An urgent petition has been launched to the International Community by concerned Zimbabwean citizens “for an immediate intervention to avert an apocalypse” in the country. The appeal notes that “We speak on behalf of millions of citizens, who live in fear and have been silenced. There is grave concern about an escalation leading to a disaster of incalculable magnitude. On grounds of particular urgency, we see our cause justified in reaching out to the International Community and exempt from the mandatory chains of appeal through SADC and the AU. You are urged to sign the petition through

Unaffordable schooling and teacher crisis

The new school year is starting in Zimbabwe, but teachers’ unions say their members aren’t going to work unless their salaries are at least equivalent to what they were this time last year, writes Cathy Buckle in her latest newsletter. Teachers are currently earning around Z$1,000 a month before deductions, leaving them going home with the equivalent of US$40 – US$60 a month. This time last year they were earning in US dollars and taking home US$450 – US$500. For parents, the situation is also dire as equipping their children with school uniforms and other requirements is unaffordable, as are the escalating school fees.

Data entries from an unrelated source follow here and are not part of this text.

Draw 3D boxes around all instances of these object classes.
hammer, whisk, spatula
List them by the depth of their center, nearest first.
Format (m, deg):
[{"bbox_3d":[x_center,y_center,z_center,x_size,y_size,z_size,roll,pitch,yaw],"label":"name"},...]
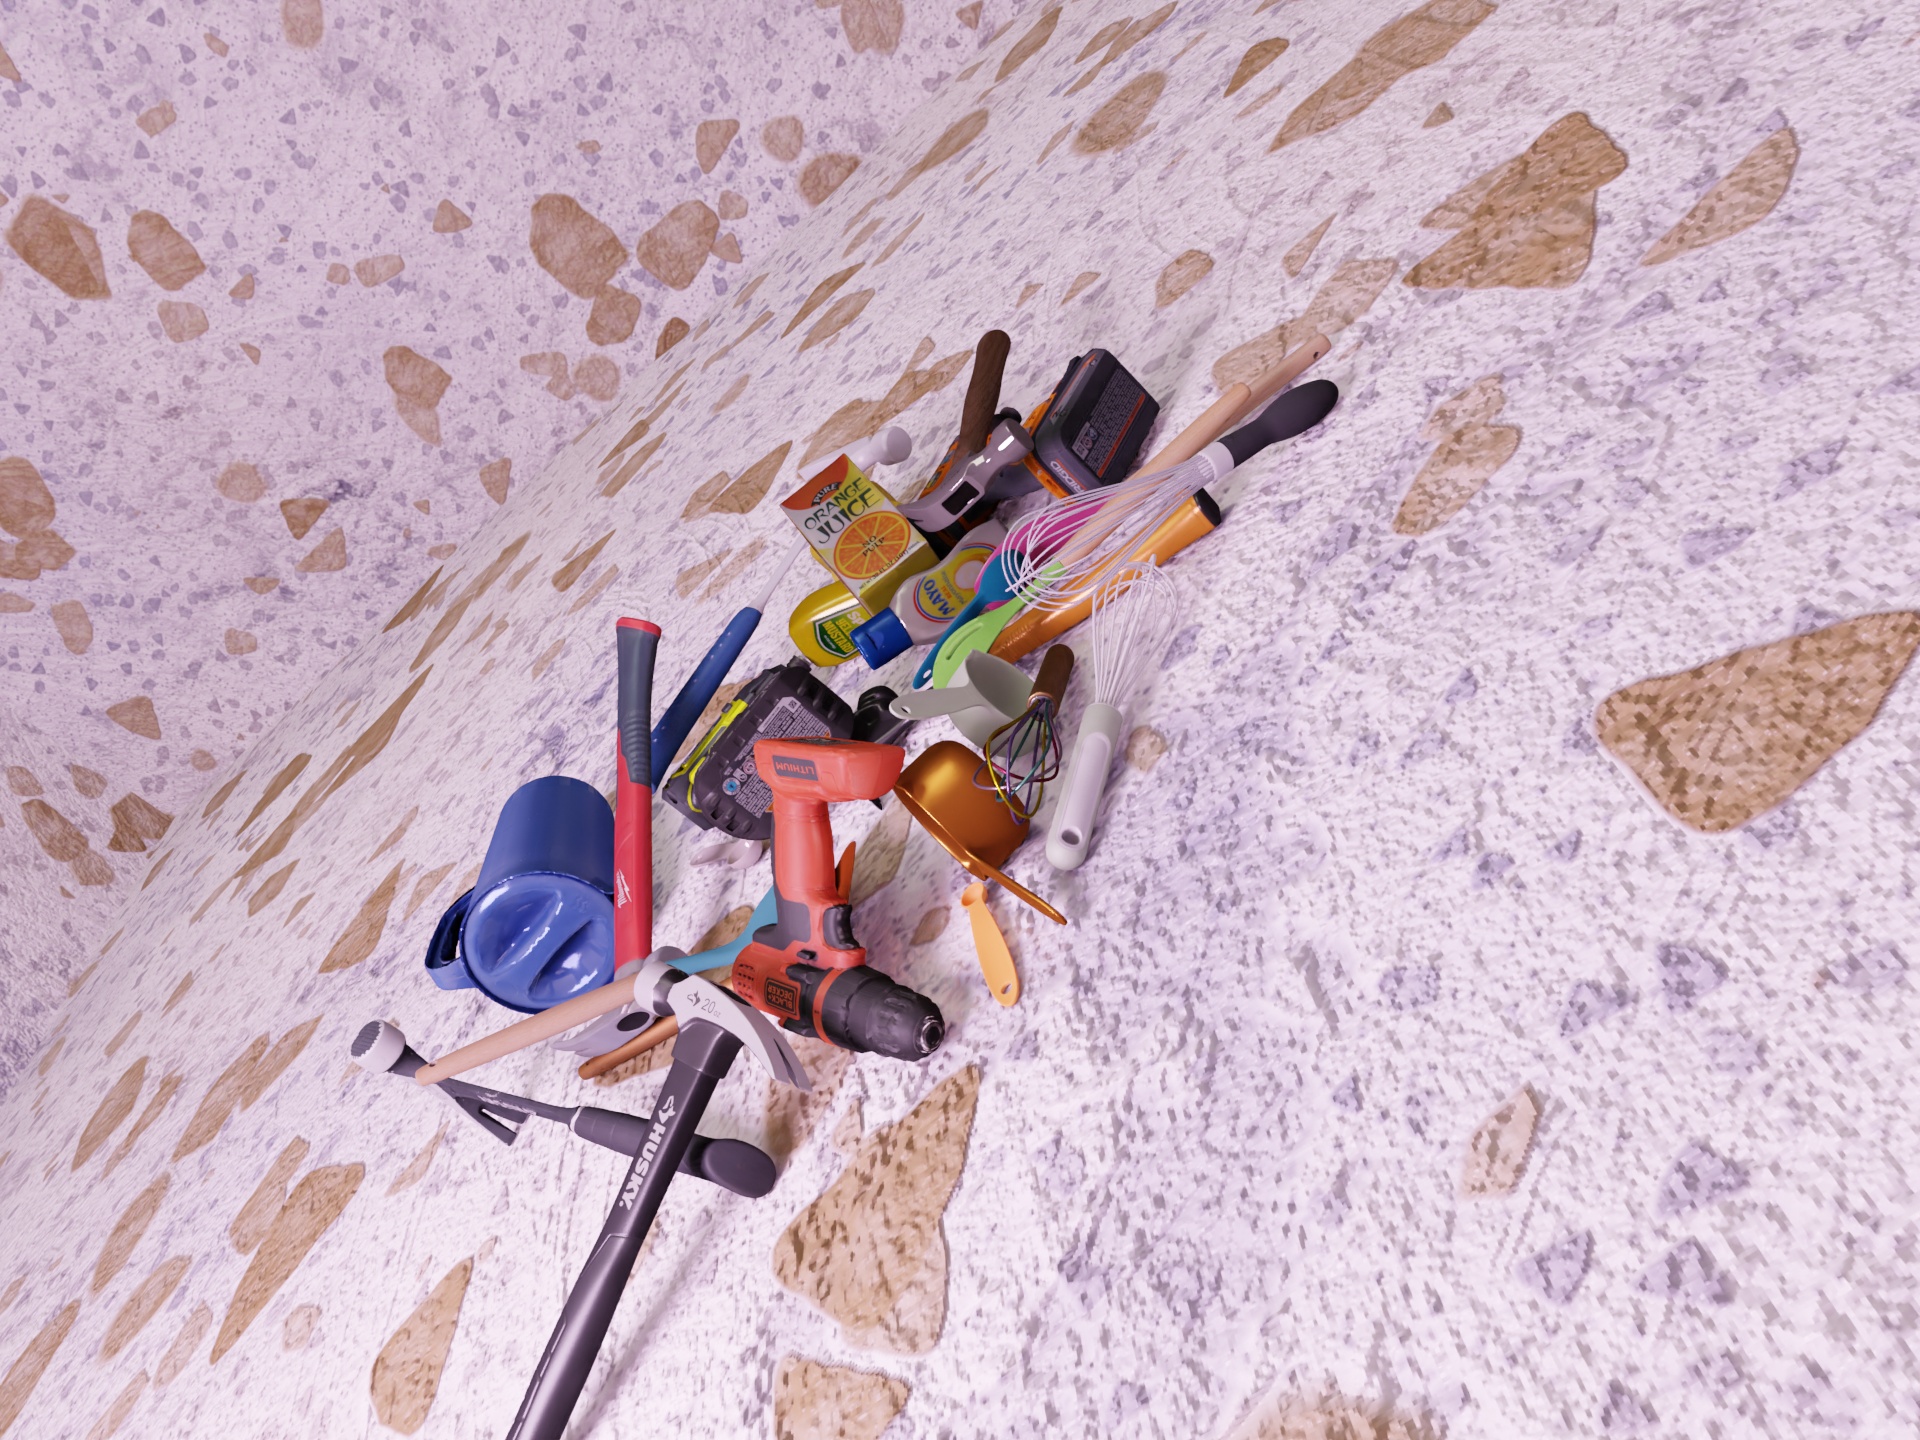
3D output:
[{"bbox_3d":[-0.199,0.315,0.928,0.146,0.035,0.335,14,76,41],"label":"hammer"},{"bbox_3d":[0.049,-0.004,1.016,0.051,0.047,0.245,-60,2,25],"label":"whisk"},{"bbox_3d":[0.094,-0.010,1.016,0.059,0.058,0.246,109,180,-57],"label":"whisk"},{"bbox_3d":[0.146,-0.159,1.068,0.284,0.070,0.070,-33,22,-16],"label":"whisk"},{"bbox_3d":[-0.267,0.277,1.094,0.409,0.149,0.036,-1,53,44],"label":"hammer"},{"bbox_3d":[-0.229,0.174,1.094,0.317,0.044,0.082,-23,27,-4],"label":"spatula"},{"bbox_3d":[-0.177,0.191,1.143,0.322,0.041,0.081,-33,32,29],"label":"spatula"},{"bbox_3d":[0.048,-0.060,1.166,0.337,0.034,0.127,-35,27,23],"label":"hammer"},{"bbox_3d":[-0.271,0.076,1.277,0.143,0.038,0.387,-37,44,31],"label":"hammer"},{"bbox_3d":[0.014,-0.254,1.323,0.130,0.031,0.332,-40,20,26],"label":"hammer"},{"bbox_3d":[-0.185,-0.104,1.440,0.144,0.035,0.406,-6,47,53],"label":"hammer"}]

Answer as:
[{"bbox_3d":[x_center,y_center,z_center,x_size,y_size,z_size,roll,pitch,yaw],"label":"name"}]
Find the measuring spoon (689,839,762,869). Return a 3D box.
[{"bbox_3d":[-0.193,0.114,1.312,0.124,0.018,0.034,-16,37,57],"label":"measuring spoon"}]

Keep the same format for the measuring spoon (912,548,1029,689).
[{"bbox_3d":[0.010,-0.070,1.175,0.021,0.042,0.128,41,95,31],"label":"measuring spoon"}]

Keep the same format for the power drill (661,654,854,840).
[{"bbox_3d":[-0.165,0.017,1.302,0.171,0.080,0.223,-53,14,-8],"label":"power drill"}]

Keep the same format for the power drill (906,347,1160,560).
[{"bbox_3d":[0.059,-0.229,1.340,0.226,0.084,0.164,-15,39,53],"label":"power drill"}]

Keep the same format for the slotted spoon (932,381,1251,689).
[{"bbox_3d":[0.090,-0.130,1.135,0.314,0.031,0.070,-44,15,1],"label":"slotted spoon"}]

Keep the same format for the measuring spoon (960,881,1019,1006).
[{"bbox_3d":[0.020,0.136,0.962,0.021,0.011,0.117,-42,30,11],"label":"measuring spoon"}]

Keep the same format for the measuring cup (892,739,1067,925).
[{"bbox_3d":[0.026,0.069,0.980,0.052,0.095,0.174,-45,41,-11],"label":"measuring cup"}]

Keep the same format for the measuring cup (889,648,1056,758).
[{"bbox_3d":[-0.002,-0.003,1.043,0.167,0.083,0.038,-9,-37,-54],"label":"measuring cup"}]

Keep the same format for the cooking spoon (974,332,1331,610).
[{"bbox_3d":[0.143,-0.184,1.187,0.319,0.068,0.017,-37,46,8],"label":"cooking spoon"}]

Deforestation of Musau trees by Chinese company

One of the latest victims of the catastrophic deforestation in Zimbabwe is the Musau tree species, Ziziphus Mauritiana, which is being cut down in the fragile Mudzi Rural District for export to China. A Chinese company, Blue Trade, aided by Mudzi Rural District Council, has been cited as being responsible for the logging of this tree species, which provide locals and wildlife with its sweet-sour fruit. Illegal logging in the Mudzi district is now at its worst and threatening to turn the area into a desert. Zimbabwe loses at least 50 million trees each year to rampant felling

China donates new parliamentary building

With China’s help, a new complex is taking shape on the outskirts of Zimbabwe’s capital Harare, as Beijing deepens its influence in Africa. A US$140 million six-storey parliament building is being constructed on Mount Hampden, about 18km (11 miles) northwest of Harare. Sitting on the top of a hill, the imposing circular complex being erected by China’s Shanghai Construction Group is fully paid by Beijing, which regards the gesture as a “donation”. The Chinese deputy ambassador to Zimbabwe, Zhao Baogang, says the building is important in the decolonization of Zimbabwe. It is expected to be completed by March 2021.

Former agric minister Denis Norman dies

Zimbabwe’s first minister of Agriculture, Denis Norman, has died in Oxfordshire in the UK. He was part of the then Prime Minister Robert Mugabe’s inaugural cabinet reportedly at the suggestion of the late Lord Soames. Norman was one of Rhodesia’s best known farming leaders and for number years he was an admirer of Mugabe. However, he told journalist Trevor Grundy that he had been devastated by “those terrible farm invasions in 2000  . . . obviously they broke my heart. What I tried to achieve over two decades fell to pieces. I was devastated.” His book, titled Odd Man In, is published by Jacana Media.

No going back on Zim dollar

In a New Year message to the nation, Zimbabwe’s President Emmerson Mnangagwa told Zimbabweans to “defend and protect” the country’s currency from collapse in 2020 but insisted there will be no re-introduction of other currencies. The Zimbabwe dollar, which is not recognised outside the country’s borders, was one of the worst-performing currencies in the world in 2019 after it plunged from 1:2.50, when it first started formal trading in February this year, to 1:15 on the interbank market. It’s even weaker on the black market, which is popular with most Zimbabweans, where it trades at 1:20 with the US dollar.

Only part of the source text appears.